Could you find every line in the entries below that holds the word "whole" and copy it?
Top of AVAILABLE DATA
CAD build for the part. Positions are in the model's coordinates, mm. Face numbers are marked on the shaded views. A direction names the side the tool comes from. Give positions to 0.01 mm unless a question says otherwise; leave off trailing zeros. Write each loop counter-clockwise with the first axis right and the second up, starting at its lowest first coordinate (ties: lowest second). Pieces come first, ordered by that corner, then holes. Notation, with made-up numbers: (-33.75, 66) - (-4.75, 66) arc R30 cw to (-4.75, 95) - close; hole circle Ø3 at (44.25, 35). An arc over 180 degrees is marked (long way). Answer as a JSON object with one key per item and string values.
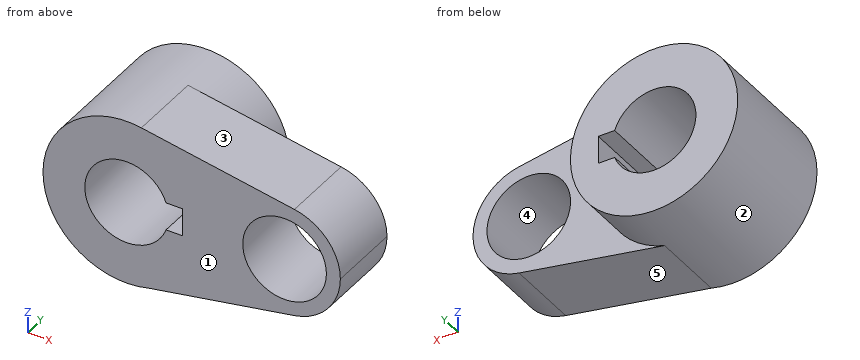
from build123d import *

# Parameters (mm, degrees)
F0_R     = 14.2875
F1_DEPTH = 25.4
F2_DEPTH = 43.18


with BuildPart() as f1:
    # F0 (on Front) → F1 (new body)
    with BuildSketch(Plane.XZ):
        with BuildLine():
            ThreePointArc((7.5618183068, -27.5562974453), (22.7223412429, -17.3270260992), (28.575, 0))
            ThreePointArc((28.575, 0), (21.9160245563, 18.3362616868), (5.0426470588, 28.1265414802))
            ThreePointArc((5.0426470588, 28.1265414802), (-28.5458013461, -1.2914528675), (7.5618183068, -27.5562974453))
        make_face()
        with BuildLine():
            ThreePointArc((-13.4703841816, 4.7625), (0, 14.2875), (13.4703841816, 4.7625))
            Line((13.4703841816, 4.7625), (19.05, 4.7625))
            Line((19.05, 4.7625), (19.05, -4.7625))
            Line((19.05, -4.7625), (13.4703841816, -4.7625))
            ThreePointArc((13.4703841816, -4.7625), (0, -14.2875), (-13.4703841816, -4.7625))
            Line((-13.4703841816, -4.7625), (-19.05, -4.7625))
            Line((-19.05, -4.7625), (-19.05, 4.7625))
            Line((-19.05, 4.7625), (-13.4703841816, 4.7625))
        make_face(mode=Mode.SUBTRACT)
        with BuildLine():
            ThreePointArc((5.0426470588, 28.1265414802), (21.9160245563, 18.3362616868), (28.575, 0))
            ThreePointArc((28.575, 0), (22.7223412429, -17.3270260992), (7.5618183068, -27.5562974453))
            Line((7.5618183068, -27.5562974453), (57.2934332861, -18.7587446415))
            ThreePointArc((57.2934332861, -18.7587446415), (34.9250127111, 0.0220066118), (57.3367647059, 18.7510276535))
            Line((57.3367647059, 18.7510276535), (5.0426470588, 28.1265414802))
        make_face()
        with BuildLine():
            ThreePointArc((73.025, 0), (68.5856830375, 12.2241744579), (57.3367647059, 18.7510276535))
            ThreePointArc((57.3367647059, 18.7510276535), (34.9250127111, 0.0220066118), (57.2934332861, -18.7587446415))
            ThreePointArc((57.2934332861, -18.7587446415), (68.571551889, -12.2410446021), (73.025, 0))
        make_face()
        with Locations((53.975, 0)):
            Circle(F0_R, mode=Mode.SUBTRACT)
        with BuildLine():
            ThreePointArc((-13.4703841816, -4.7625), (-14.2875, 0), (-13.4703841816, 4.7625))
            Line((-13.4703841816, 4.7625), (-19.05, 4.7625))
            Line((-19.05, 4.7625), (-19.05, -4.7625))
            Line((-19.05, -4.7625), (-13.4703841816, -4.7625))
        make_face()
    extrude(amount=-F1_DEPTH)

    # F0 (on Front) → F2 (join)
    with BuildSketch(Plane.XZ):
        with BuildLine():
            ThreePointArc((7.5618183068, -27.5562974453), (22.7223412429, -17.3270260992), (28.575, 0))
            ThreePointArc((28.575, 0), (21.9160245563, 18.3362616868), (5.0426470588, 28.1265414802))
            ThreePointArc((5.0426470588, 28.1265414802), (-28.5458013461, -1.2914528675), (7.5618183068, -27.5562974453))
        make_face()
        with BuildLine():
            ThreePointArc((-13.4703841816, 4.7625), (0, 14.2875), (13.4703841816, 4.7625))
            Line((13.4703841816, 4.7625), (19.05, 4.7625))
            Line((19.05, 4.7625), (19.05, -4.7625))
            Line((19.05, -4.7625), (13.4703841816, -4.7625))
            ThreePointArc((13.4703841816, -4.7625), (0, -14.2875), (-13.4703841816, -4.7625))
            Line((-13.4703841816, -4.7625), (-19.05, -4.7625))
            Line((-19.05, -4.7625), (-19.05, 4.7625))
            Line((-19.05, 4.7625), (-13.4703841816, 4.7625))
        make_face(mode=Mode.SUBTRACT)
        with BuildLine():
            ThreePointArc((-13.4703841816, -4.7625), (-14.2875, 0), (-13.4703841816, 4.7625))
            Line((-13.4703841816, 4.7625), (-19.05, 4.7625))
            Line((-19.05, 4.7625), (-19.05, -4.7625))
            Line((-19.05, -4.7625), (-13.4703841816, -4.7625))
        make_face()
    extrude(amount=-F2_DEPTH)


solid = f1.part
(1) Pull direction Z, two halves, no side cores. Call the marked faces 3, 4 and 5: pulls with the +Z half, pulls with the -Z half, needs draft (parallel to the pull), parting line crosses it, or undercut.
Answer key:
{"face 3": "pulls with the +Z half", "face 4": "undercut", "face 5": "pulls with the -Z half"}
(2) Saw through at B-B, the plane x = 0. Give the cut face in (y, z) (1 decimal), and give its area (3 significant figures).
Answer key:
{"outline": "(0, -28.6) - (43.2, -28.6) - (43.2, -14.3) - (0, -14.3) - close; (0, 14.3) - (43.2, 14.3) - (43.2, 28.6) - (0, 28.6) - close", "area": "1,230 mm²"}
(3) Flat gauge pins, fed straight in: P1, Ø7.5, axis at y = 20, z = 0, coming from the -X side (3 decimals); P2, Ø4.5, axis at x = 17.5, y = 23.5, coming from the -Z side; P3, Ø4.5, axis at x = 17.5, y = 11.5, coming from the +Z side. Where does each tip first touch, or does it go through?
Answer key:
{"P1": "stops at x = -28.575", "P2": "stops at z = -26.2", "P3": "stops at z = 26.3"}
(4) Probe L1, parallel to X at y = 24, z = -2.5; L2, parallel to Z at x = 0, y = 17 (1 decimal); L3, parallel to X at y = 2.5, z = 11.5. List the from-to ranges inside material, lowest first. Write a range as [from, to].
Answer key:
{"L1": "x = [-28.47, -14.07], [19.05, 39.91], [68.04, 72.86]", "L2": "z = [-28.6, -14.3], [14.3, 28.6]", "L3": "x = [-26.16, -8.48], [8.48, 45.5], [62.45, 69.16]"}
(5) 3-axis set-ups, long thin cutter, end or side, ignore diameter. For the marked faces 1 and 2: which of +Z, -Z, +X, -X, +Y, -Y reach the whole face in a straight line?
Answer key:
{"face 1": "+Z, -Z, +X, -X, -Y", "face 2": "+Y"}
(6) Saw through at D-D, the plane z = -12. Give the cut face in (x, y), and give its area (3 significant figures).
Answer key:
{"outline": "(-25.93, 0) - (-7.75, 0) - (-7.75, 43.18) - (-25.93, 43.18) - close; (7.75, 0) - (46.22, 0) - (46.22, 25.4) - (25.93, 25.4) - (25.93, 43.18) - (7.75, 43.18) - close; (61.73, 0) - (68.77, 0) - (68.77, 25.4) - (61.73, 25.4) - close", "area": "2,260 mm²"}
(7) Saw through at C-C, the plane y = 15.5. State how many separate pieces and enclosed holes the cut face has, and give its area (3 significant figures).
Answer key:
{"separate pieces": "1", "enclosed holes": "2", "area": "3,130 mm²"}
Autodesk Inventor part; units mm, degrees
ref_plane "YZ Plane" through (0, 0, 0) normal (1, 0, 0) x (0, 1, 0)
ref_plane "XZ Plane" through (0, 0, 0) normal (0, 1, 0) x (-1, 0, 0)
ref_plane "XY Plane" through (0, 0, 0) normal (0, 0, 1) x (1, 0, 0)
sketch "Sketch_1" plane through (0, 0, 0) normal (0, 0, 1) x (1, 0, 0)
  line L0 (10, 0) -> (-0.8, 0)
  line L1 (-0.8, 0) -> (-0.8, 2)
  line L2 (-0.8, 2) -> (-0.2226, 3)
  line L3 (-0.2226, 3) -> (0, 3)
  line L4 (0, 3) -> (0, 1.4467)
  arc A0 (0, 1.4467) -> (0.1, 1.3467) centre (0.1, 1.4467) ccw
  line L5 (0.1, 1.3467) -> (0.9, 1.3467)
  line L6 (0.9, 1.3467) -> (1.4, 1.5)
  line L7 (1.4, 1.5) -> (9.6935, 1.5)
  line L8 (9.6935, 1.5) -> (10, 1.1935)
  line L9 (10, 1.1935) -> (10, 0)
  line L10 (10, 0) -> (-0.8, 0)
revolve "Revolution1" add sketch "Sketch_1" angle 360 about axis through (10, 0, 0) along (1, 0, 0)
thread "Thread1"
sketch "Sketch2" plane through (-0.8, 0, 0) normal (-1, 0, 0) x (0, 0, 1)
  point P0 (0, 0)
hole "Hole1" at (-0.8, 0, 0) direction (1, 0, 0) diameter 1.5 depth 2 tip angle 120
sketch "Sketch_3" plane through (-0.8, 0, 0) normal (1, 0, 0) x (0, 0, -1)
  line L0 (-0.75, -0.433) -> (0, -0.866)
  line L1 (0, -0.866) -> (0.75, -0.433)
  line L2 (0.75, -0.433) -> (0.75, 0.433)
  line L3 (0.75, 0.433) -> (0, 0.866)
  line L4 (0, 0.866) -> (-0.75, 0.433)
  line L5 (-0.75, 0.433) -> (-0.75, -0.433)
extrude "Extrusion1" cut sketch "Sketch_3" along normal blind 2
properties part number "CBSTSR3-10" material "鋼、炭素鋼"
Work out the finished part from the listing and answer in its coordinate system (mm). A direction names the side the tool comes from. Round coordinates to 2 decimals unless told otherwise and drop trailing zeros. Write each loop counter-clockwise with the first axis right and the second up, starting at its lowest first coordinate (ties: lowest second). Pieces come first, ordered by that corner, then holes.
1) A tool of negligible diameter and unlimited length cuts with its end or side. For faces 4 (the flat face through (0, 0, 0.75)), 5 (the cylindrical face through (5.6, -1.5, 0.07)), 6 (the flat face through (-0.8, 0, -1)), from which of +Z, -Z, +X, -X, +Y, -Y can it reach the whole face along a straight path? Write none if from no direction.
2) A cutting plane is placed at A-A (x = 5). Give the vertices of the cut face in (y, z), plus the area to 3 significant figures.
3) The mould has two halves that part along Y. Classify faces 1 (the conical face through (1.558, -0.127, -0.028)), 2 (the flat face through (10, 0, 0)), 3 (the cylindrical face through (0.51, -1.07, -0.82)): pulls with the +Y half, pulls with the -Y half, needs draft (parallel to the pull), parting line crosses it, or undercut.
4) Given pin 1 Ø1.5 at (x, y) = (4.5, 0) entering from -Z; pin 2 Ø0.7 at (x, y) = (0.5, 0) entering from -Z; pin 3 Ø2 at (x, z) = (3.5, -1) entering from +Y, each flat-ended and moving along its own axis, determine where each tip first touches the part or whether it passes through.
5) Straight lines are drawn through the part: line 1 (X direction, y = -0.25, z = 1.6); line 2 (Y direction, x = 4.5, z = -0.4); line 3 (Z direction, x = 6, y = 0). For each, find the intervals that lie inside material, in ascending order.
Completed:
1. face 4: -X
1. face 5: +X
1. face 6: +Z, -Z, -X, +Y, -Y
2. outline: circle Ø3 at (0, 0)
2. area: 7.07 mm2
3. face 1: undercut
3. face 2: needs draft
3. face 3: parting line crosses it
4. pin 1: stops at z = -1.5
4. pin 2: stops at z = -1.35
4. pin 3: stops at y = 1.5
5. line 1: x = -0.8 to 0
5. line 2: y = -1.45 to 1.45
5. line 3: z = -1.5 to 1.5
Bottom of AVAILABLE DATA
» RESPONSE BELOW:
(5) 3-axis set-ups, long thin cutter, end or side, ignore diameter. For the marked faces 1 and 2: which of +Z, -Z, +X, -X, +Y, -Y reach the whole face in a straight line?
1) A tool of negligible diameter and unlimited length cuts with its end or side. For faces 4 (the flat face through (0, 0, 0.75)), 5 (the cylindrical face through (5.6, -1.5, 0.07)), 6 (the flat face through (-0.8, 0, -1)), from which of +Z, -Z, +X, -X, +Y, -Y can it reach the whole face along a straight path? Write none if from no direction.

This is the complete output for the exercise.